Je suis là, tapant se texte. Je n’ai pas la trace de ma respiration, pas la trace de la brutalité de la douleur. Encore aujourd’hui, je suis spectatrice de la scène.

Il éjacule. Et là, ça me fait un peu mal. Je sais avec le recul que ce n’est pas un peu. C’est énormément mal. C’est déchirant. Mais je ne peux contacter que cela dans mon souvenir.

La mécanique qui suit c’est aller à la douche.

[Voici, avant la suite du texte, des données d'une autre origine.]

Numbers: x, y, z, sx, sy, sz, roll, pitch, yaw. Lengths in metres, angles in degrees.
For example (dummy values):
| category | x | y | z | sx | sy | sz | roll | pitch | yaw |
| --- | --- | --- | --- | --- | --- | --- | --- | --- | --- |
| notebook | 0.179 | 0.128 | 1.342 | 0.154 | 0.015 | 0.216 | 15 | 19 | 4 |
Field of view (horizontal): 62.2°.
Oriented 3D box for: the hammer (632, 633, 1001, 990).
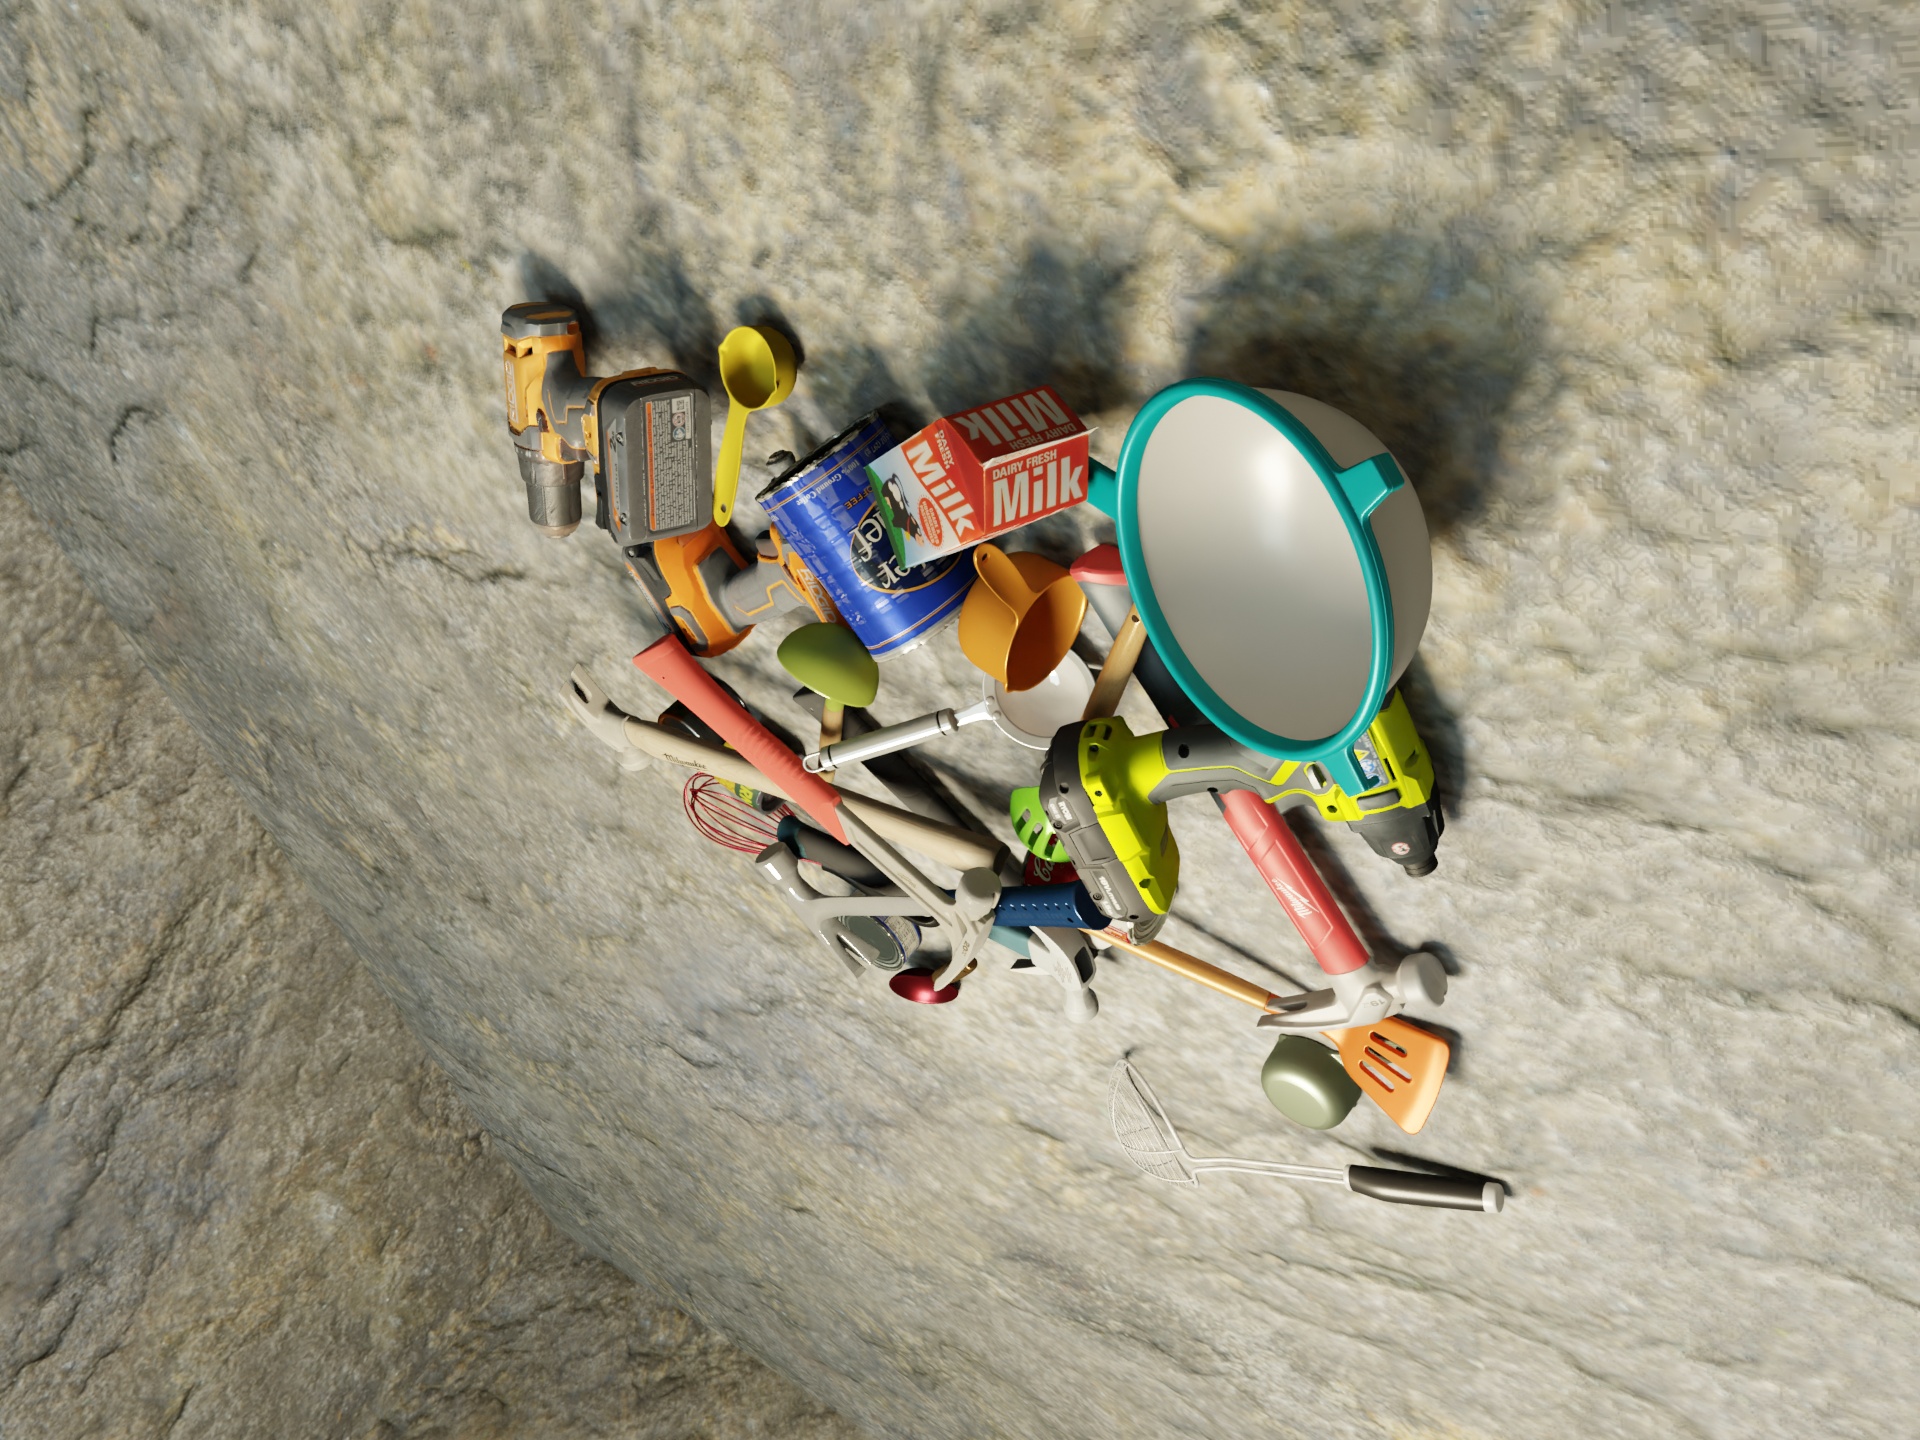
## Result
| category | x | y | z | sx | sy | sz | roll | pitch | yaw |
| --- | --- | --- | --- | --- | --- | --- | --- | --- | --- |
| hammer | -0.120 | 0.059 | 1.245 | 0.359 | 0.037 | 0.149 | 40 | 145 | 14 |

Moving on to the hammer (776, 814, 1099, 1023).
| category | x | y | z | sx | sy | sz | roll | pitch | yaw |
| --- | --- | --- | --- | --- | --- | --- | --- | --- | --- |
| hammer | -0.028 | 0.153 | 1.371 | 0.331 | 0.033 | 0.128 | 20 | 140 | 32 |

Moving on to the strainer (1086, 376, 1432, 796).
| category | x | y | z | sx | sy | sz | roll | pitch | yaw |
| --- | --- | --- | --- | --- | --- | --- | --- | --- | --- |
| strainer | 0.147 | -0.120 | 0.895 | 0.341 | 0.095 | 0.210 | 41 | 146 | 46 |

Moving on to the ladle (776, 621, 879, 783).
| category | x | y | z | sx | sy | sz | roll | pitch | yaw |
| --- | --- | --- | --- | --- | --- | --- | --- | --- | --- |
| ladle | -0.107 | 0.006 | 1.243 | 0.078 | 0.062 | 0.320 | 32 | 159 | 6 |

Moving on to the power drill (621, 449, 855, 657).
| category | x | y | z | sx | sy | sz | roll | pitch | yaw |
| --- | --- | --- | --- | --- | --- | --- | --- | --- | --- |
| power drill | -0.156 | -0.125 | 1.222 | 0.226 | 0.084 | 0.164 | 0 | 128 | 42 |

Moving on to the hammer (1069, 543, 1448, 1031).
| category | x | y | z | sx | sy | sz | roll | pitch | yaw |
| --- | --- | --- | --- | --- | --- | --- | --- | --- | --- |
| hammer | 0.175 | 0.054 | 1.073 | 0.143 | 0.038 | 0.386 | -21 | 110 | 41 |

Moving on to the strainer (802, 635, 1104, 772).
| category | x | y | z | sx | sy | sz | roll | pitch | yaw |
| --- | --- | --- | --- | --- | --- | --- | --- | --- | --- |
| strainer | -0.002 | -0.004 | 1.147 | 0.258 | 0.050 | 0.086 | -17 | 106 | 20 |

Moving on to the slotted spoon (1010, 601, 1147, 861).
| category | x | y | z | sx | sy | sz | roll | pitch | yaw |
| --- | --- | --- | --- | --- | --- | --- | --- | --- | --- |
| slotted spoon | 0.083 | 0.014 | 1.078 | 0.070 | 0.031 | 0.313 | 40 | 147 | 15 |

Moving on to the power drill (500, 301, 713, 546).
| category | x | y | z | sx | sy | sz | roll | pitch | yaw |
| --- | --- | --- | --- | --- | --- | --- | --- | --- | --- |
| power drill | -0.275 | -0.201 | 1.199 | 0.226 | 0.084 | 0.185 | 33 | 130 | 42 |

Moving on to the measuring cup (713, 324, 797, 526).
| category | x | y | z | sx | sy | sz | roll | pitch | yaw |
| --- | --- | --- | --- | --- | --- | --- | --- | --- | --- |
| measuring cup | -0.150 | -0.206 | 1.125 | 0.062 | 0.029 | 0.156 | 39 | 131 | 26 |

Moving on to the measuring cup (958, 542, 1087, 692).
| category | x | y | z | sx | sy | sz | roll | pitch | yaw |
| --- | --- | --- | --- | --- | --- | --- | --- | --- | --- |
| measuring cup | 0.024 | -0.083 | 1.020 | 0.052 | 0.095 | 0.173 | 32 | 174 | 28 |

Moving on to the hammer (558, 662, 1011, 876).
| category | x | y | z | sx | sy | sz | roll | pitch | yaw |
| --- | --- | --- | --- | --- | --- | --- | --- | --- | --- |
| hammer | -0.150 | 0.049 | 1.331 | 0.411 | 0.038 | 0.146 | 18 | 159 | 23 |

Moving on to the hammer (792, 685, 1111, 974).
| category | x | y | z | sx | sy | sz | roll | pitch | yaw |
| --- | --- | --- | --- | --- | --- | --- | --- | --- | --- |
| hammer | -0.015 | 0.088 | 1.348 | 0.335 | 0.035 | 0.146 | 44 | 147 | 0 |

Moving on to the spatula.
| category | x | y | z | sx | sy | sz | roll | pitch | yaw |
| --- | --- | --- | --- | --- | --- | --- | --- | --- | --- |
| spatula | 0.207 | 0.205 | 1.201 | 0.323 | 0.041 | 0.081 | 22 | 112 | 21 |

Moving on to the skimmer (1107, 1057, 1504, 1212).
| category | x | y | z | sx | sy | sz | roll | pitch | yaw |
| --- | --- | --- | --- | --- | --- | --- | --- | --- | --- |
| skimmer | 0.278 | 0.352 | 1.332 | 0.363 | 0.090 | 0.127 | -3 | 123 | 37 |

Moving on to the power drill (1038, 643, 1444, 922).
| category | x | y | z | sx | sy | sz | roll | pitch | yaw |
| --- | --- | --- | --- | --- | --- | --- | --- | --- | --- |
| power drill | 0.177 | 0.046 | 0.989 | 0.223 | 0.080 | 0.171 | -17 | 116 | 27 |

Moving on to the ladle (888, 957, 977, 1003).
| category | x | y | z | sx | sy | sz | roll | pitch | yaw |
| --- | --- | --- | --- | --- | --- | --- | --- | --- | --- |
| ladle | -0.017 | 0.233 | 1.449 | 0.069 | 0.031 | 0.315 | 13 | 165 | -6 |

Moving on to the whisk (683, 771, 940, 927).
| category | x | y | z | sx | sy | sz | roll | pitch | yaw |
| --- | --- | --- | --- | --- | --- | --- | --- | --- | --- |
| whisk | -0.142 | 0.124 | 1.513 | 0.296 | 0.073 | 0.073 | 25 | 144 | 18 |

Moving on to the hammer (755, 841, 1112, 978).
| category | x | y | z | sx | sy | sz | roll | pitch | yaw |
| --- | --- | --- | --- | --- | --- | --- | --- | --- | --- |
| hammer | -0.021 | 0.155 | 1.297 | 0.405 | 0.035 | 0.144 | -9 | 123 | 53 |

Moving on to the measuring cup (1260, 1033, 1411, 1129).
| category | x | y | z | sx | sy | sz | roll | pitch | yaw |
| --- | --- | --- | --- | --- | --- | --- | --- | --- | --- |
| measuring cup | 0.289 | 0.273 | 1.216 | 0.083 | 0.038 | 0.167 | 44 | 150 | 0 |

Il défait la pomme de douche du tuyau. Il pose le joint sur le lavabo qui est à côté de la baignoire. Il me fait me pencher en avant. Il met le tuyau avec de l’eau tiède presque froide au niveau de l’orifice anal. Et de l’eau rentre en moi. Il lave le sperme. Il coupe l’eau, rebranche la pomme de douche. Puis va commencer une douche… nous deux sous les perles de pluie. Il va commencer une douche qui serait romantique avec ton amoureux mais qui est abjecte avec ton père. Je crois que je ne sens que les gouttes d’eau parce que… c’est la seule chose de beau en ce lieu… Il va me rouler des pelles.  M’enlacer, encore et encore. Sa main gauche sur mon sein, sa main droite sur mon cul. Il s’amuse à aller vers mon cul en me disant « tu aimes ça » l’air coquin et malicieux. À me dire qu’il a encore envie, malaxant mon seins droit le tout en me collant au mur et m’obligeant à enlacer sa jambe de la mienne en la soulevant et en plaçant sa main sous mes fesses toujours allant vers l’évasure qu’il a laissé. Il inonde mon cou de ses lèvres. Mais, il ne bande plus. Je suis soulagé. « Tu m’a tellement manqué » me lance-t-il. Il me lave, se lave. Il sort.

En sortant de la douche, je me suis habillée, vite. J’ai filé vers ma chambre. Je me suis glissé dans des vêtements. En retourna dans l’entrée prendre mon sac de vacances. J’ai vu qu’il avait mis ses clefs dans la serrure. Ma mère n’aurait jamais pu rentrer. Il a été occupé à ranger le salon, ouvrir le volet, remis le clic clac en place. Il a effacé ses traces, mes traces. Il m’a demandé de préparer mon linge à laver, mes vêtements souillés dans la foulé. Il les a ramassés. Ce qui s’est passé a disparu dans le néant du « ça n’est jamais arrivé, personne ne te croira ».

Il avait disparu et il n’est revenu que pour moi. Où est-il allé ? Que s’est-il passé ? Il n’a pas reparlé de mon année scolaire catastrophique, de mon avenir scolaire, du fait que je refasse la seconde. Rien.

C’est juste la première fois qu’il m’a embrassé avec la langue. Un dynamique qu’il n’avait jamais osé. J’étais sa maitresse dans son regard. Et moi, j’étais un corps objet vidé de substance, de vitae.

Mais j’ai vécu avec une terreur rare. Terreur qui a conduit quelques mois plus tard à lancer « S’il me touche encore, je le tue. » et je l’aurais fait. C’est ça le pire pour moi. J’aurais tué un humain. J’aurais été à son niveau. Il est mort, merci à lui. Une rupture d’anévrisme à l’hôpital. Je n’ai pas eu à passer à l’acte. Mais, je l’aurais fait ce retour de vacances, ces 5 mois d’enfer qui ont suivi ont précipité ma déclaration. Il ne gérait plus rien. Il s’est branlé sur moi pendant les temps de midi, violé souvent après l’école, brutalisé, humilié, imposé dans plein de douche. Ma mère était soit absente soit trop bourrée. Il a même fait certain truc, elle complètement shooté dans son lit à quelques mètres de moi. 5 mois d’enfer complet. Jamais, jamais, il n’était allé aller aussi loin, aussi fréquemment.